Sinner e Paolo Rossi, quando a vincere è l’Italia migliore. L’Italia bella

Darwin Pastorin

Bisognava vivere a Torino in questi giorni per capire la abbagliante follia e l’allegria senza fine del tennis esaltarsi per le prodezze di un ragazzo dal sorriso leggero e dalla classe infinita, capace di vincere con classe e umiltà, con un talento mai visto: parliamo di Jannik Sinner, che ha trionfato anche nelle ATP Finals, battendo in finale un avversario degnissimo, il californiano Taylor Fritz, 6-4 6-4.

Ed ecco l’Italia intera innalzare i peana, ballare e ridere: quella emozionata davanti alla Tv, quella che vede le proprie figlie (anche per l’effetto Jasmine Paolini) e i propri figli chiedere racchette e palline e dimenticare (solo momentaneamente?) il calcio. Quella che si veste di arancione come i capelli di Jannik. Quella che ancora riesce persino a commuoversi, in tempi feroci e neri, per la meraviglia di un campione dello sport, in grado di unire un popolo sotto un’unica bandiera, lasciando da parte, per qualche momento, paura e ansie.

Grazie alle magie del fuoriclasse Pel di carota e l’accoglienza di Torino le ATP resteranno per altri cinque anni da noi. Ma Torino, giustamente, non vuole dividere Sinnerlandia con Milano, a cominciare come qualcuno ipotizza, dal 2027. La città della Mole merita di fare suo questo evento. Senza se e senza ma. Una scommessa cominciata grazie alla ferrea volontà di Chiara Appenndino, sindaca al momento della decisione. E ora portata avanti da tutti i politici, senza divisioni di parte.

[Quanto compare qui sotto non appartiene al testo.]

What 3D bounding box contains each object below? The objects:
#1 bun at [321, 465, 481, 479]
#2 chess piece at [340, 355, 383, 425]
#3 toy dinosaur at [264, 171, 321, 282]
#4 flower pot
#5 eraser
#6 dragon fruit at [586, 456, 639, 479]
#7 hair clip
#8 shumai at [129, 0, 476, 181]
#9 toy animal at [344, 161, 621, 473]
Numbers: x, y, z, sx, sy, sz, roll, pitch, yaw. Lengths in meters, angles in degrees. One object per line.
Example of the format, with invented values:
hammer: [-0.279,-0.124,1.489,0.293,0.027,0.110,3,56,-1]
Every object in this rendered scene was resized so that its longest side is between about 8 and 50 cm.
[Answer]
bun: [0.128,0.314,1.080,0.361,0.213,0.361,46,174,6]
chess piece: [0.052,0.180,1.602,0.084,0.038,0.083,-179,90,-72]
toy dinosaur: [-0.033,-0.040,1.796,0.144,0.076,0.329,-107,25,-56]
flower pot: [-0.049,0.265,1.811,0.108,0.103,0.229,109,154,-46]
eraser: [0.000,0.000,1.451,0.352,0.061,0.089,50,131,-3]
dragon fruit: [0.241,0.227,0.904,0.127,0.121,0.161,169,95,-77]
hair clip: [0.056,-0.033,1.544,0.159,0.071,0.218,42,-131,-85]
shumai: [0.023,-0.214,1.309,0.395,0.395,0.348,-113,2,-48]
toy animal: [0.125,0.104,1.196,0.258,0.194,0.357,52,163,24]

Vedere in azione Sinner è un’emozione: un atleta perfetto, che sembra arrivato da un altro pianeta per miracolo. Mai una parola sbagliata, un commento fuori luogo; perché, spesso, troppi assi sono fenomeni in campo, ma arroganti e indifferenti fuori. Jannik no: Jannik elogia, sinceramente, gli sconfitti, saluta il pubblico festante con calore, si concede ai tifosi, soprattutto ai più piccoli, con gentilezza.

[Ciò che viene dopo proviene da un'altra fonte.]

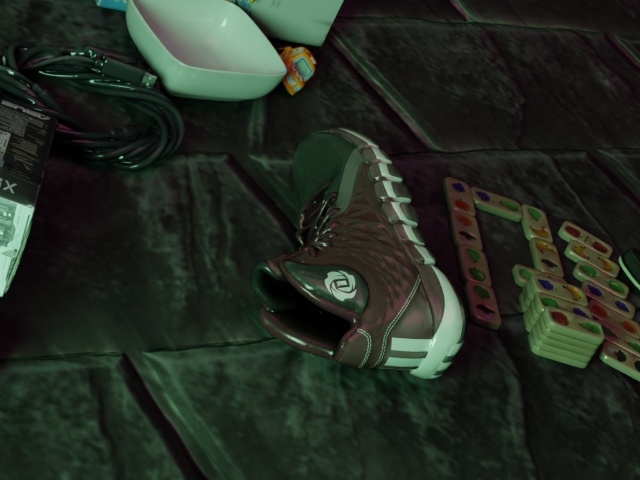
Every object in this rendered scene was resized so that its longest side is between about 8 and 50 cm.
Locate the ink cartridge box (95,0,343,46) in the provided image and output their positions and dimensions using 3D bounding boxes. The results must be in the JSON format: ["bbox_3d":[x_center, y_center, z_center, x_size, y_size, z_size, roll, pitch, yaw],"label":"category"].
[{"bbox_3d":[-0.105,-0.355,1.745,0.270,0.197,0.198,7,36,-30],"label":"ink cartridge box"}]

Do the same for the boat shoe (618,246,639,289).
[{"bbox_3d":[0.354,0.049,1.650,0.049,0.042,0.133,-4,42,-49],"label":"boat shoe"}]

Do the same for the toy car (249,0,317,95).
[{"bbox_3d":[-0.040,-0.212,1.682,0.122,0.040,0.060,63,17,-12],"label":"toy car"}]

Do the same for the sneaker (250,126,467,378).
[{"bbox_3d":[0.000,0.000,1.397,0.162,0.106,0.281,1,41,-32],"label":"sneaker"}]

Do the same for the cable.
[{"bbox_3d":[-0.214,-0.122,1.476,0.184,0.047,0.150,14,39,-26],"label":"cable"}]

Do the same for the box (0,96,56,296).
[{"bbox_3d":[-0.353,-0.080,1.208,0.307,0.076,0.242,20,16,-12],"label":"box"}]

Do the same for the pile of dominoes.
[{"bbox_3d":[0.225,0.026,1.590,0.196,0.040,0.251,17,33,-16],"label":"pile of dominoes"}]

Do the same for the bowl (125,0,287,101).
[{"bbox_3d":[-0.119,-0.186,1.626,0.142,0.053,0.142,0,41,-37],"label":"bowl"}]

Ora, avanti con la Davis: abbiamo tutte le carte in regola per difendere il nostro titolo.

Sinner mi ha riportato ai fasti del 1982, a quel Mundial di Spagna conquistato dalla nazionale azzurra, guidata dal nostro Don Chisciotte, il commissario tecnico Enzo Bearzot, grazie, soprattutto, alla rinascita, alle reti e alle illuminazioni di un centravanti simile a Jannik, per stile, intuito e dolcezza, per non aver mai conosciuto, nel momento della gloria, quando era l’uomo più famoso del mondo, arroganza o presunzione: Paolo Rossi, tornato in quei giorni di fuoco, rabbia e determinazione ancora Pablito. E anche 42 anni fa, gli italiani scesero in piazza per sventolare il tricolore, per dimenticare le ferite del terrorismo, prima dell’inizio delle stragi di mafia. Dura un attimo la felicità, è vero: ma in quell’attimo ci sentiamo tutti, nessuno escluso, trasportati da una gioia fanciullesca, vivendo dentro un mito, all’interno di una favola, avvolti da un realismo magico.

Pablito, ora, è nella leggenda e nel cuore di chi, come me, ha avuto la fortuna di averlo amico e fratello; Jannik è cronaca viva, è un presente da prima pagina, è un nobile figlio di questa nostra terra, di una bella, bellissima, Italia.